It's only bleak for some, but defiantly not for all. It's highly irregular (which sucks),
Hey minimum wage in SF is now over $10 an hour. Any half-way decent barrestia can make $15 and up an hour if you count tips. And union jobs start much, much (lots of much, + benefits) higher. The lowest paying gig at my union is $18 an hour, and on most days you are going to be there for 8-10 hours, and in total maybe do an hour and a half of real work, so that's why it's low. The real shows start over $30, plus time and a half over 8, double time for anything over 12 hour, or between midnight and 6am (with meals provided, of course).
Hell you can make $15-20 per hour trimming green bud if you so desire.
Granted, there is a lot to be said for being in the right place at the right time, and knowing the right people (or having them know you), but for the most part it's tied to education (formal and all skills), and work ethic, and personality. Not having the right education is a huge disadvantage, but so is the notion that 'I want it all right now'. First of all there is a reason they say in Kentucky that you have to 'run for the roses' - because no horse wins the Derby by strolling around the track (or showing up late).
I grew up in an upper-middle (not quite rich) household, and my parents had me working when I was 8. Free newspapers, then on to the real newspapers, (morning, in the Midwest, on my bike, in the snow --- yeah, I know, get off my lawn) by 8th grade I was riding in delivery truck tossing them out as we went past. Worked as a lifeguard during HS, then into the exciting world of fast food, worked though college too so that I could have the extras, and because it looked good to other people. And I had the 18 and out, as did my kids. I was (and did) pay for their college if they so chose, but if they didn't want to, then they had to find something to do. Hanging out with mom and me was not an option.
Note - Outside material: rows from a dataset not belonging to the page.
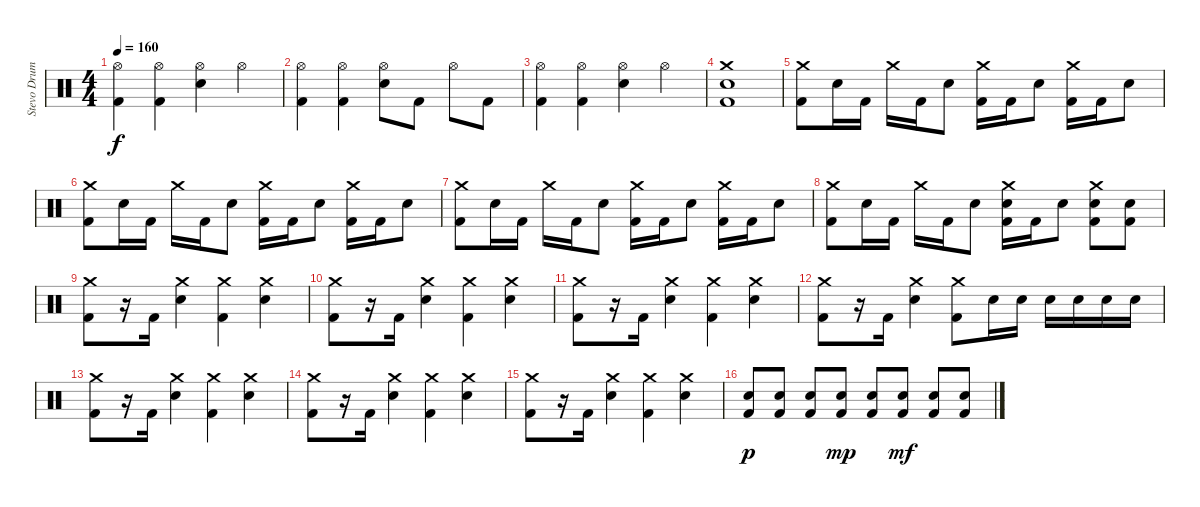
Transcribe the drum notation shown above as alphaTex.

\track ("Stevo Drums" "Stevo Drum") {instrument percussion}
\staff {score}
\articulation defaults
\ts (4 4)
\tempo 160
\clef neutral
\ks c
("Hi-Hat (open)" "Kick (hit) 2").4{dy f} ("Hi-Hat (open)" "Kick (hit) 2").4 ("Electric Snare (hit)" "Hi-Hat (open)").4 "Hi-Hat (open)".4 |
("Hi-Hat (open)" "Kick (hit) 2").4 ("Hi-Hat (open)" "Kick (hit) 2").4 ("Electric Snare (hit)" "Hi-Hat (open)").8 "Kick (hit) 2".8 "Hi-Hat (open)".8 "Kick (hit) 2".8 |
("Hi-Hat (open)" "Kick (hit) 2").4 ("Hi-Hat (open)" "Kick (hit) 2").4 ("Electric Snare (hit)" "Hi-Hat (open)").4 "Hi-Hat (open)".4 |
("Crash medium (hit)" "Electric Snare (hit)" "Kick (hit) 2").1 |
("Crash medium (hit)" "Kick (hit) 2").8 "Electric Snare (hit)".16 "Kick (hit) 2".16 "Crash medium (hit)".16 "Kick (hit) 2".16 "Electric Snare (hit)".8 ("Crash medium (hit)" "Kick (hit) 2").16 "Kick (hit) 2".16 "Electric Snare (hit)".8 ("Crash medium (hit)" "Kick (hit) 2").16 "Kick (hit) 2".16 "Electric Snare (hit)".8 |
("Crash medium (hit)" "Kick (hit) 2").8 "Electric Snare (hit)".16 "Kick (hit) 2".16 "Crash medium (hit)".16 "Kick (hit) 2".16 "Electric Snare (hit)".8 ("Crash medium (hit)" "Kick (hit) 2").16 "Kick (hit) 2".16 "Electric Snare (hit)".8 ("Crash medium (hit)" "Kick (hit) 2").16 "Kick (hit) 2".16 "Electric Snare (hit)".8 |
("Crash medium (hit)" "Kick (hit) 2").8 "Electric Snare (hit)".16 "Kick (hit) 2".16 "Crash medium (hit)".16 "Kick (hit) 2".16 "Electric Snare (hit)".8 ("Crash medium (hit)" "Kick (hit) 2").16 "Kick (hit) 2".16 "Electric Snare (hit)".8 ("Crash medium (hit)" "Kick (hit) 2").16 "Kick (hit) 2".16 "Electric Snare (hit)".8 |
("Crash medium (hit)" "Kick (hit) 2").8 "Electric Snare (hit)".16 "Kick (hit) 2".16 "Crash medium (hit)".16 "Kick (hit) 2".16 "Electric Snare (hit)".8 ("Crash medium (hit)" "Electric Snare (hit)" "Kick (hit) 2").16 "Kick (hit) 2".16 "Electric Snare (hit)".8 ("Crash medium (hit)" "Electric Snare (hit)" "Kick (hit) 2").8 ("Electric Snare (hit)" "Kick (hit) 2").8 |
("Crash medium (hit)" "Kick (hit) 2").8 r.16 "Kick (hit) 2".16 ("Crash medium (hit)" "Electric Snare (hit)").4 ("Crash medium (hit)" "Kick (hit) 2").4 ("Crash medium (hit)" "Electric Snare (hit)").4 |
("Crash medium (hit)" "Kick (hit) 2").8 r.16 "Kick (hit) 2".16 ("Crash medium (hit)" "Electric Snare (hit)").4 ("Crash medium (hit)" "Kick (hit) 2").4 ("Crash medium (hit)" "Electric Snare (hit)").4 |
("Crash medium (hit)" "Kick (hit) 2").8 r.16 "Kick (hit) 2".16 ("Crash medium (hit)" "Electric Snare (hit)").4 ("Crash medium (hit)" "Kick (hit) 2").4 ("Crash medium (hit)" "Electric Snare (hit)").4 |
("Crash medium (hit)" "Kick (hit) 2").8 r.16 "Kick (hit) 2".16 ("Crash medium (hit)" "Electric Snare (hit)").4 ("Crash medium (hit)" "Kick (hit) 2").8 "Electric Snare (hit)".16 "Electric Snare (hit)".16 "Electric Snare (hit)".16 "Electric Snare (hit)".16 "Electric Snare (hit)".16 "Electric Snare (hit)".16 |
("Crash medium (hit)" "Kick (hit) 2").8 r.16 "Kick (hit) 2".16 ("Crash medium (hit)" "Electric Snare (hit)").4 ("Crash medium (hit)" "Kick (hit) 2").4 ("Crash medium (hit)" "Electric Snare (hit)").4 |
("Crash medium (hit)" "Kick (hit) 2").8 r.16 "Kick (hit) 2".16 ("Crash medium (hit)" "Electric Snare (hit)").4 ("Crash medium (hit)" "Kick (hit) 2").4 ("Crash medium (hit)" "Electric Snare (hit)").4 |
("Crash medium (hit)" "Kick (hit) 2").8 r.16 "Kick (hit) 2".16 ("Crash medium (hit)" "Electric Snare (hit)").4 ("Crash medium (hit)" "Kick (hit) 2").4 ("Crash medium (hit)" "Electric Snare (hit)").4 |
("Electric Snare (hit)" "Kick (hit) 2").8{dy p} ("Electric Snare (hit)" "Kick (hit) 2").8 ("Electric Snare (hit)" "Kick (hit) 2").8 ("Electric Snare (hit)" "Kick (hit) 2").8{dy mp} ("Electric Snare (hit)" "Kick (hit) 2").8 ("Electric Snare (hit)" "Kick (hit) 2").8{dy mf} ("Electric Snare (hit)" "Kick (hit) 2").8 ("Electric Snare (hit)" "Kick (hit) 2").8

And the US has a hard time with welfare because most of us have a hard time with not working. The best way I've ever heard it put (and from an Irish immigrant) is that in most places in the world people work to live. Simple. You have a job because you need the things (rent, food, etc.) and you trade your hours for that stuff. But the vast majority of people I know (even the hippies) in the US live to work. What you do is a huge part of what you are here. It's pretty much the second thing anyone asks. First your name, then 'what do you do.' Not where are you from (we don't care, everyone is from somewhere). Not who your parents are/were. It's much more like 'what have YOU done for me lately.' And really, we don't trust people who don't work.
As for the homes, people were warned but there was a huge build-up, and then a crash. For the most part anyone who bought a home before '97 or so is fine.
His argument was that the 'common' people (sorry, not meant rudely) could no longer watch footy and sport so they rioted. They had lost all privilege. The basic right of the mass to watch sport was removed.
The Romans understood the highly practical nature of 'bread and circuses', but they were highly practical people. Without TV and the internet all of those people would be out and about, that would never work. Better to keep them at home, in a chair, eating fatty foods. They are busy amusing themselves to death, and I'm content to leave them be.